Almost exactly one year ago, I drove into New Orleans and sprung for a romantically dilapidated hotel room in the French Quarter. I sweated my way up the stairs, dropped my bags, and walked onto the rickety wooden balcony.

“Hey, honey!” a voice called.

Three middle-aged women from North Carolina were sharing the room next door—and my balcony. They invited me in for a rum and coke, explaining that they make an annual pilgrimage to New Orleans to get away from the husbands and kids, skip church, and get wildly drunk. It was early, and they used me to warm up their flirting muscles before hitting Bourbon Street. These wannabe sirens were pretty ugly, a vision of flabby middle-class decadence straight out of an Otto Dix painting, but I was proud of them. They were frank enough to admit to themselves that small-town, right-wing living can drain the imagination and the spirit—they had come to New Orleans to recharge.

I have no doubt they all got laid. That’s what New Orleans is for—it’s our Paris, Rio, and Marrakech rolled into one, a place of sordid history, unexpected dignity, and a pressure valve for pathological American Puritanism. Like “the Orient” was to 19th-century Europeans, New Orleans is a repository for our deepest desires: It’s where we go to dream. (Some say Las Vegas fits the bill, but they haven’t got any soul. Vegas is a desiccated, fluorescent machine, while New Orleans is a rich chocolate cake smothered in bourbon. The City that Care Forgot has street hustlers with grace and sinister panache. “Sin City” has slot machines. There’s no comparison.)

A Catholic city devoted to pleasure in a sea of Southern Protestant austerity, New Orleans is also a cultural crossroads where French, Spanish, African, Latin, and Indian influences were meeting and mingling before the United States was even a concept. Louis Armstrong, Professor Longhair, Chubby Checker, Voodoo Queen Marie Laveau, Huey Long, absinthe (America’s first high-profile drug culture), gumbo, jambalaya, beignets, lattes, Mardi Gras, Cajuns, Creoles, Hemingway, F. Scott Fitzgerald, Mark Twain, Tennessee Williams—the list of people and phenomena that emerged from (or were significantly improved by) the city is nearly endless. New Orleans smells like vomit and gardenias. It’s the most romantic, fucked up, rotten, and beautiful city in America.

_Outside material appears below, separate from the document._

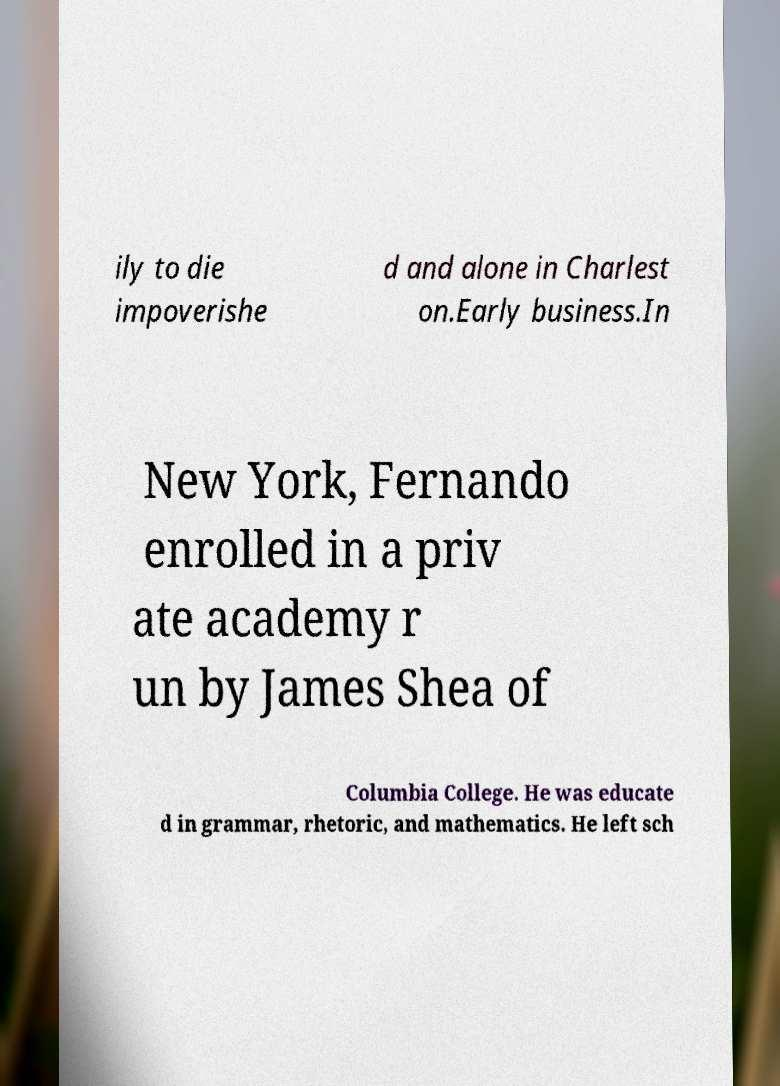What messages or text are displayed in this image? I need them in a readable, typed format. ily to die impoverishe d and alone in Charlest on.Early business.In New York, Fernando enrolled in a priv ate academy r un by James Shea of Columbia College. He was educate d in grammar, rhetoric, and mathematics. He left sch 
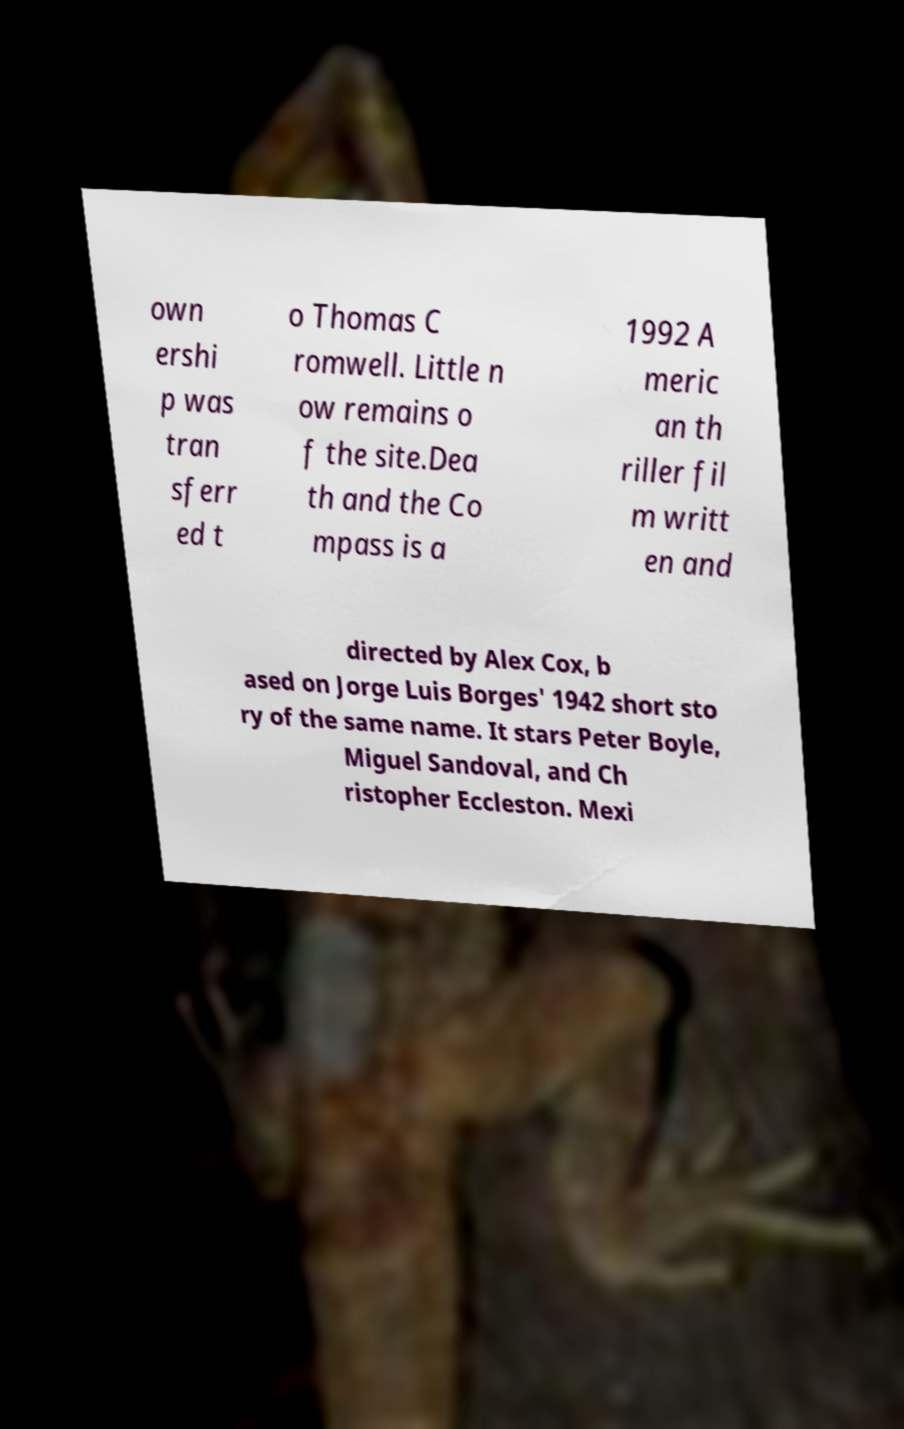Please read and relay the text visible in this image. What does it say? own ershi p was tran sferr ed t o Thomas C romwell. Little n ow remains o f the site.Dea th and the Co mpass is a 1992 A meric an th riller fil m writt en and directed by Alex Cox, b ased on Jorge Luis Borges' 1942 short sto ry of the same name. It stars Peter Boyle, Miguel Sandoval, and Ch ristopher Eccleston. Mexi

It’s also a poor and violent city, which is part of its chaotic, romantic charm. Its corruption and racial stratification are almost medieval. (Like many tourist and oil economies, New Orleans never fully invested in its locals or infrastructure, which partly explains its current devastation.) The police are wildly corrupt and only seem to serve and protect the tourists (though a little snatch ’n’ grab is all part of “the experience.”) But beyond the tourist enclaves, New Orleans is a very rough town. As my father, who worked federal law enforcement in the city, says, “Crime in New Orleans isn’t a news story—it’s a human-interest story.”

Public schools are awful and overwhelmingly black, neighborhoods are sharply segregated and, according to the 2000 census, 40 percent of residents under 18 live below the poverty line. On the other hand, New Orleans was an early center of racial intermarriage and black slave owners. As a result, the city’s octoroons (1/8 black) and quadroons (1/4 black) became the city’s influential nobility before the Civil War.

The very mythology I’m crowing about is fundamentally misogynist and racist—an Orientalist fantasy of opium dens, black men playing trombones for pennies, Indian magic, loose women, savage African voodoo. This fantasy has ugly roots, but it’s a necessary part of the American psyche, battling cold intellectualism on our left and intolerant moralism on our right. We live in a dualistic country, obsessed with white and black, good and evil. We need a muddy, confusing place like New Orleans, one tiny corner combining European history, Caribbean romance, and African magic. We need a place where middle-aged women from North Carolina can drag a boy half their age into a hotel room and flirt with him over a rum and coke. Not everyone wants to do this, of course, but just knowing that we could is good for our national soul.